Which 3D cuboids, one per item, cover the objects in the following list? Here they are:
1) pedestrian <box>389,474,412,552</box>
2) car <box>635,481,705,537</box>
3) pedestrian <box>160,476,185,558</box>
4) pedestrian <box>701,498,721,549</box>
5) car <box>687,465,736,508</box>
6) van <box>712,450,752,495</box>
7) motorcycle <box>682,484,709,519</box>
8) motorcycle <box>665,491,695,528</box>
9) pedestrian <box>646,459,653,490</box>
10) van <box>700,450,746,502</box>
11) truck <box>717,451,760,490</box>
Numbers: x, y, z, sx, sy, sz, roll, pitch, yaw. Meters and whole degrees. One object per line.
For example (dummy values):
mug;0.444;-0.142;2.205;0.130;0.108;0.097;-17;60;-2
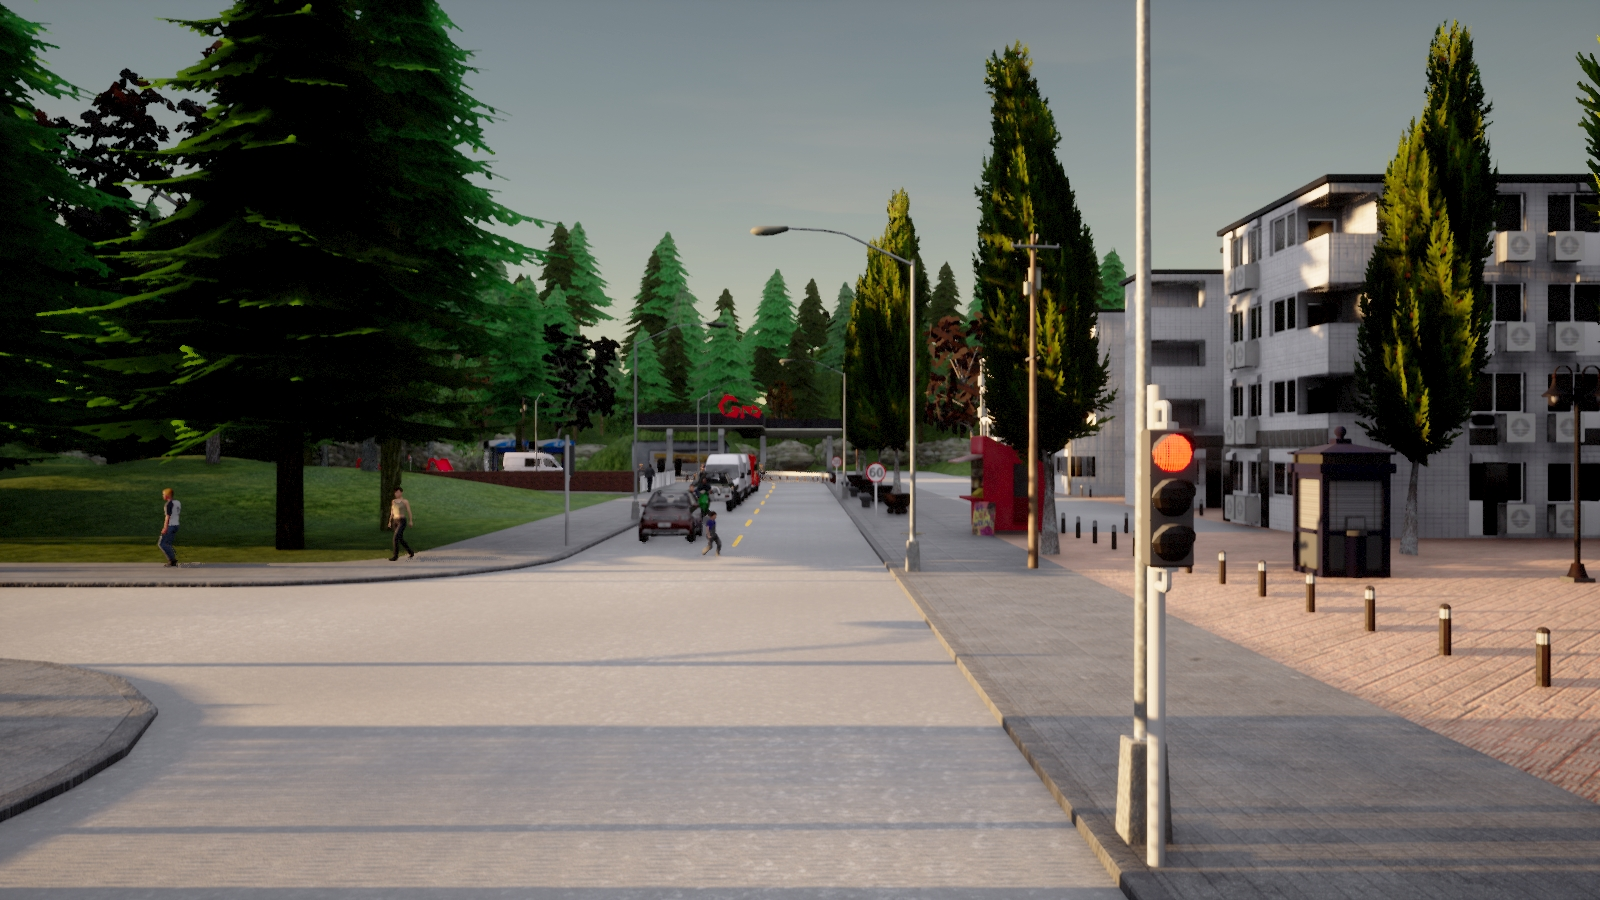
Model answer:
pedestrian;-9.655;1.521;27.632;0.375;1.860;0.375;0;0;20
car;-4.004;1.798;35.696;1.789;1.549;3.705;0;0;0
pedestrian;-14.350;1.520;26.113;0.375;1.860;0.375;0;0;-2
pedestrian;-2.332;1.903;29.813;0.375;1.300;0.375;0;0;30
car;-4.052;1.635;53.090;1.932;1.855;4.605;0;0;0
van;-3.986;1.303;67.851;1.988;2.561;5.915;0;0;0
motorcycle;-3.993;1.955;43.722;0.856;1.236;1.805;0;0;0
motorcycle;-4.023;1.986;38.432;0.803;1.145;2.033;0;0;0
pedestrian;-9.286;1.513;70.639;0.375;1.860;0.375;0;0;3
van;-3.997;1.304;60.156;1.988;2.561;5.915;0;0;0
truck;-4.021;1.336;75.255;2.627;2.467;5.204;0;0;-1
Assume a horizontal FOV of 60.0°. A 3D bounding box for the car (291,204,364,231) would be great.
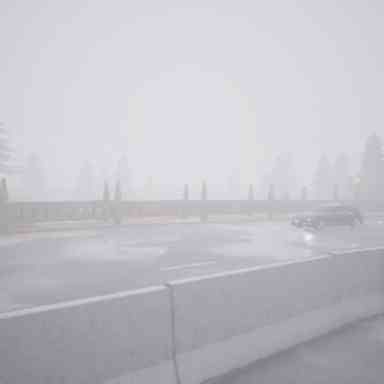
[{"bbox_3d":[8.321,1.491,20.403,4.892,1.490,1.837,0,0,-25],"label":"car"}]
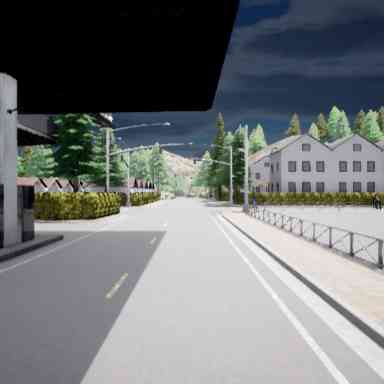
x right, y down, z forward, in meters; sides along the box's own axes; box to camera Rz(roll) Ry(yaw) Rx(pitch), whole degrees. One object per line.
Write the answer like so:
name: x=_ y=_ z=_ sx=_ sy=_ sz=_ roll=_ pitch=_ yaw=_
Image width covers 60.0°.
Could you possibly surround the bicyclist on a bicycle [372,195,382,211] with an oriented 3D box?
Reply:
bicyclist on a bicycle: x=18.295 y=1.084 z=33.000 sx=0.582 sy=1.620 sz=1.656 roll=0 pitch=0 yaw=0
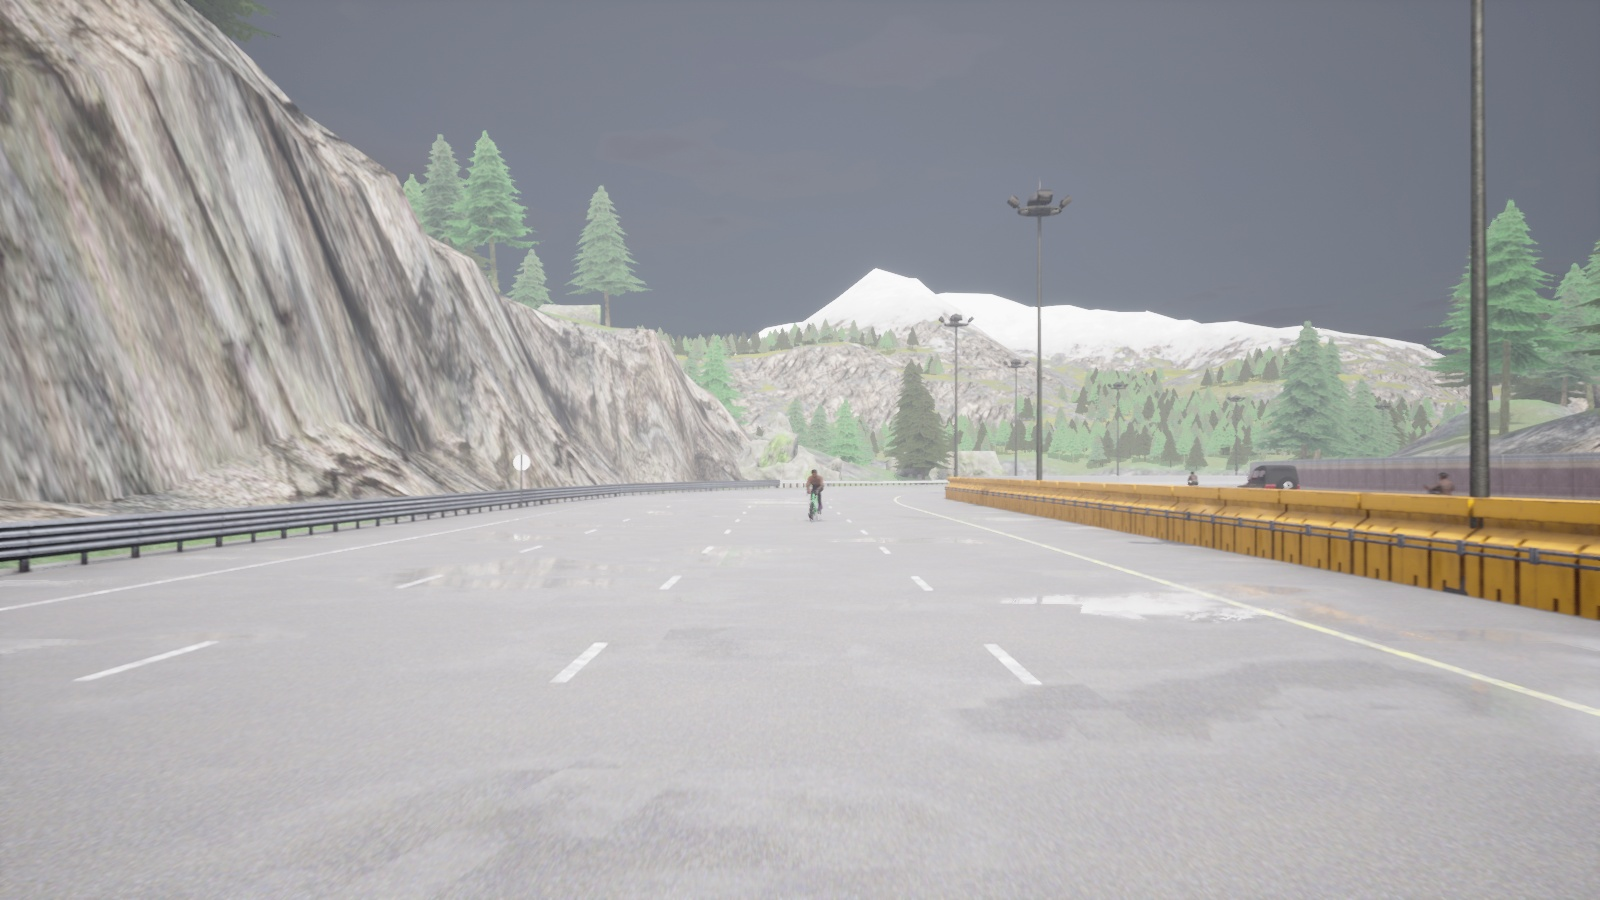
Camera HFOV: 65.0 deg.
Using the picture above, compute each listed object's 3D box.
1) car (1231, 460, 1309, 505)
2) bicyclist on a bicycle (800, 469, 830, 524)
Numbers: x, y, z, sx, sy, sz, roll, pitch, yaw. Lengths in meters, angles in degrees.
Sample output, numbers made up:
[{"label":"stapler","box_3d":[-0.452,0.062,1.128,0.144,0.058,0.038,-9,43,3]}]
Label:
[{"label":"car","box_3d":[20.585,1.447,55.155,1.905,1.878,3.866,0,-2,-1]},{"label":"bicyclist on a bicycle","box_3d":[0.460,1.407,38.325,0.582,1.620,1.656,0,-1,12]}]
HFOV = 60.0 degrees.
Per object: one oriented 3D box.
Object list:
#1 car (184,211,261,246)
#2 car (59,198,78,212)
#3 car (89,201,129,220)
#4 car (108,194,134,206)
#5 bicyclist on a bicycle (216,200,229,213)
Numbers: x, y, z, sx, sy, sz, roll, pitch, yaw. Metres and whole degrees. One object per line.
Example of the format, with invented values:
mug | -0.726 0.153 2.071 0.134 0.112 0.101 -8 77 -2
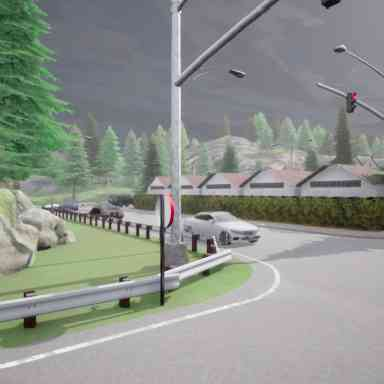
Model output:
car | 1.338 1.717 16.696 1.812 1.442 4.674 0 0 -34
car | -15.594 1.538 42.033 2.097 1.767 4.553 0 0 -19
car | -7.623 1.756 29.593 1.994 1.385 4.181 0 0 -35
car | -10.955 1.398 53.198 2.150 2.045 5.566 0 0 33
bicyclist on a bicycle | 2.525 1.494 28.091 1.656 1.620 0.582 0 0 -35
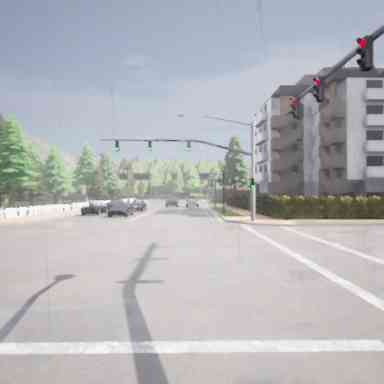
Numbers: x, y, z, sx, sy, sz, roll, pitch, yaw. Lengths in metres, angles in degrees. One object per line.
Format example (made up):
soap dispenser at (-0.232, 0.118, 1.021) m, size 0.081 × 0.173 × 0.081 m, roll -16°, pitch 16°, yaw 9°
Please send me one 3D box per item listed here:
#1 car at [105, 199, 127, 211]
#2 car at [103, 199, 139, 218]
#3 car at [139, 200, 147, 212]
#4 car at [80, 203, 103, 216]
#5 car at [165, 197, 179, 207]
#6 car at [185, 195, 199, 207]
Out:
car at (-10.514, 1.782, 46.236) m, size 1.882 × 1.535 × 5.008 m, roll 0°, pitch 0°, yaw 0°
car at (-7.047, 1.769, 33.607) m, size 2.033 × 1.411 × 5.357 m, roll 0°, pitch 0°, yaw 1°
car at (-7.030, 1.777, 43.258) m, size 2.128 × 1.511 × 4.902 m, roll 0°, pitch 0°, yaw 0°
car at (-10.534, 1.840, 36.196) m, size 1.895 × 1.301 × 4.718 m, roll 0°, pitch 0°, yaw 0°
car at (-3.438, 1.731, 57.575) m, size 2.097 × 1.767 × 4.553 m, roll 0°, pitch 0°, yaw 0°
car at (0.062, 1.601, 57.646) m, size 2.150 × 2.045 × 5.566 m, roll 0°, pitch 0°, yaw 0°
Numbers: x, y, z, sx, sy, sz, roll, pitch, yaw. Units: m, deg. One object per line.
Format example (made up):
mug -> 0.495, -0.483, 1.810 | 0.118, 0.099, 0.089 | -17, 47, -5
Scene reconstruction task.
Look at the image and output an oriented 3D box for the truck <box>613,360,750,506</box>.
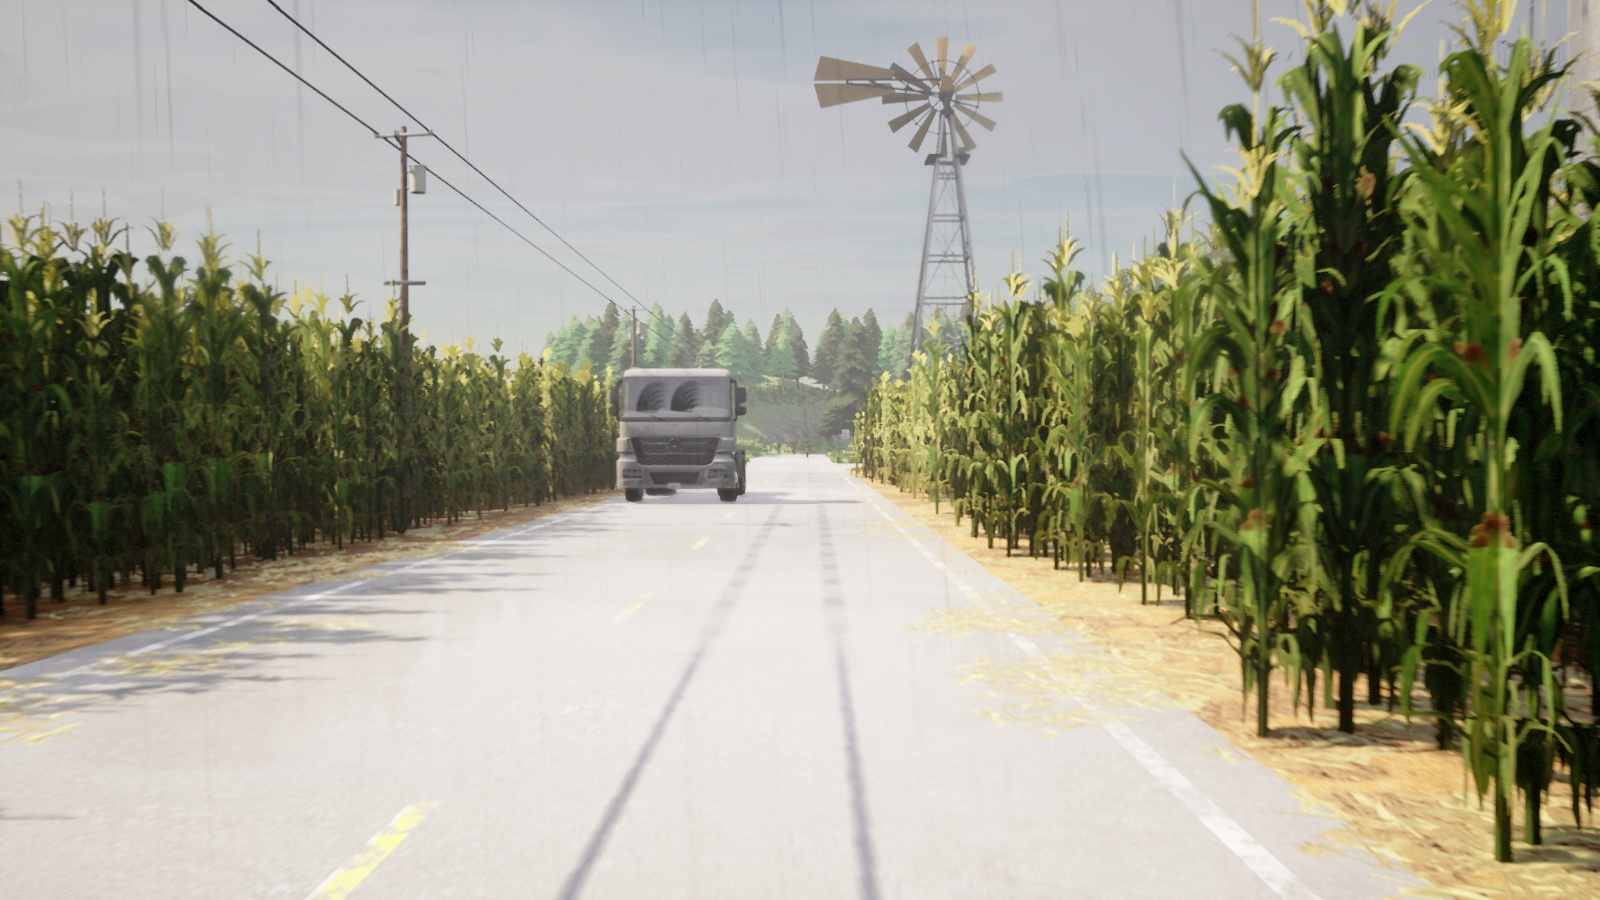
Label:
truck -> -2.987, -0.429, 33.937 | 2.891, 3.462, 7.936 | 0, 0, 0
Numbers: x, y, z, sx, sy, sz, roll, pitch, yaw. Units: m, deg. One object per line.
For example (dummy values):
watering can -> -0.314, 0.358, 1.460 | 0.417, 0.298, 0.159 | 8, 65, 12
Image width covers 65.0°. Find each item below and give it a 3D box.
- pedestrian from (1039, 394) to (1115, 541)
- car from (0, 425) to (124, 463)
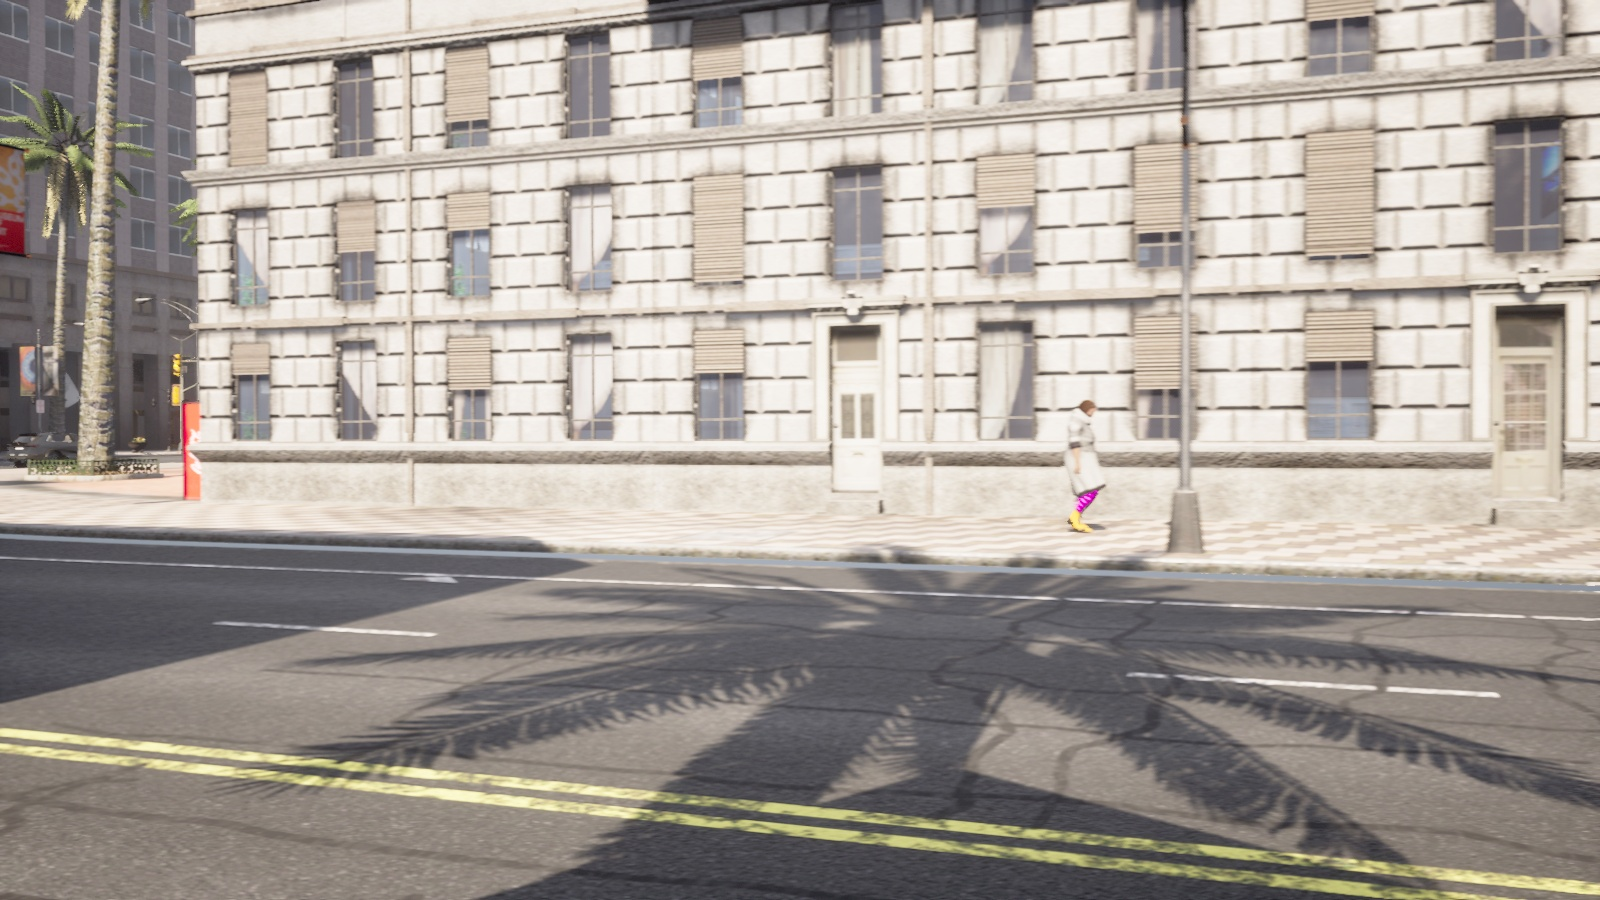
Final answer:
pedestrian -> 3.784, 0.223, 17.161 | 0.873, 1.952, 0.659 | 1, 1, 25
car -> -33.635, -0.288, 57.349 | 2.033, 1.649, 4.856 | 0, 1, 17

═══

(Activity)
Without the pictures, write out the lines from the beginning of the entries through the line with "1) car (1231, 460, 1309, 505)".

(Reply to the exercise)
Which 3D cuboids, one per item, cover the objects in the following list? Here they are:
1) pedestrian <box>389,474,412,552</box>
2) car <box>635,481,705,537</box>
3) pedestrian <box>160,476,185,558</box>
4) pedestrian <box>701,498,721,549</box>
5) car <box>687,465,736,508</box>
6) van <box>712,450,752,495</box>
7) motorcycle <box>682,484,709,519</box>
8) motorcycle <box>665,491,695,528</box>
9) pedestrian <box>646,459,653,490</box>
10) van <box>700,450,746,502</box>
11) truck <box>717,451,760,490</box>
Numbers: x, y, z, sx, sy, sz, roll, pitch, yaw. Meters and whole degrees. One object per line.
For example (dummy values):
mug;0.444;-0.142;2.205;0.130;0.108;0.097;-17;60;-2
Model answer:
pedestrian;-9.655;1.521;27.632;0.375;1.860;0.375;0;0;20
car;-4.004;1.798;35.696;1.789;1.549;3.705;0;0;0
pedestrian;-14.350;1.520;26.113;0.375;1.860;0.375;0;0;-2
pedestrian;-2.332;1.903;29.813;0.375;1.300;0.375;0;0;30
car;-4.052;1.635;53.090;1.932;1.855;4.605;0;0;0
van;-3.986;1.303;67.851;1.988;2.561;5.915;0;0;0
motorcycle;-3.993;1.955;43.722;0.856;1.236;1.805;0;0;0
motorcycle;-4.023;1.986;38.432;0.803;1.145;2.033;0;0;0
pedestrian;-9.286;1.513;70.639;0.375;1.860;0.375;0;0;3
van;-3.997;1.304;60.156;1.988;2.561;5.915;0;0;0
truck;-4.021;1.336;75.255;2.627;2.467;5.204;0;0;-1
Assume a horizontal FOV of 60.0°. A 3D bounding box for the car (291,204,364,231) would be great.
[{"bbox_3d":[8.321,1.491,20.403,4.892,1.490,1.837,0,0,-25],"label":"car"}]
x right, y down, z forward, in meters; sides along the box's own axes; box to camera Rz(roll) Ry(yaw) Rx(pitch), whole degrees. One object per line.
Write the answer like so:
name: x=_ y=_ z=_ sx=_ sy=_ sz=_ roll=_ pitch=_ yaw=_
Image width covers 60.0°.
Could you possibly surround the bicyclist on a bicycle [372,195,382,211] with an oriented 3D box?
Reply:
bicyclist on a bicycle: x=18.295 y=1.084 z=33.000 sx=0.582 sy=1.620 sz=1.656 roll=0 pitch=0 yaw=0
Camera HFOV: 65.0 deg.
Using the picture above, compute each listed object's 3D box.
1) car (1231, 460, 1309, 505)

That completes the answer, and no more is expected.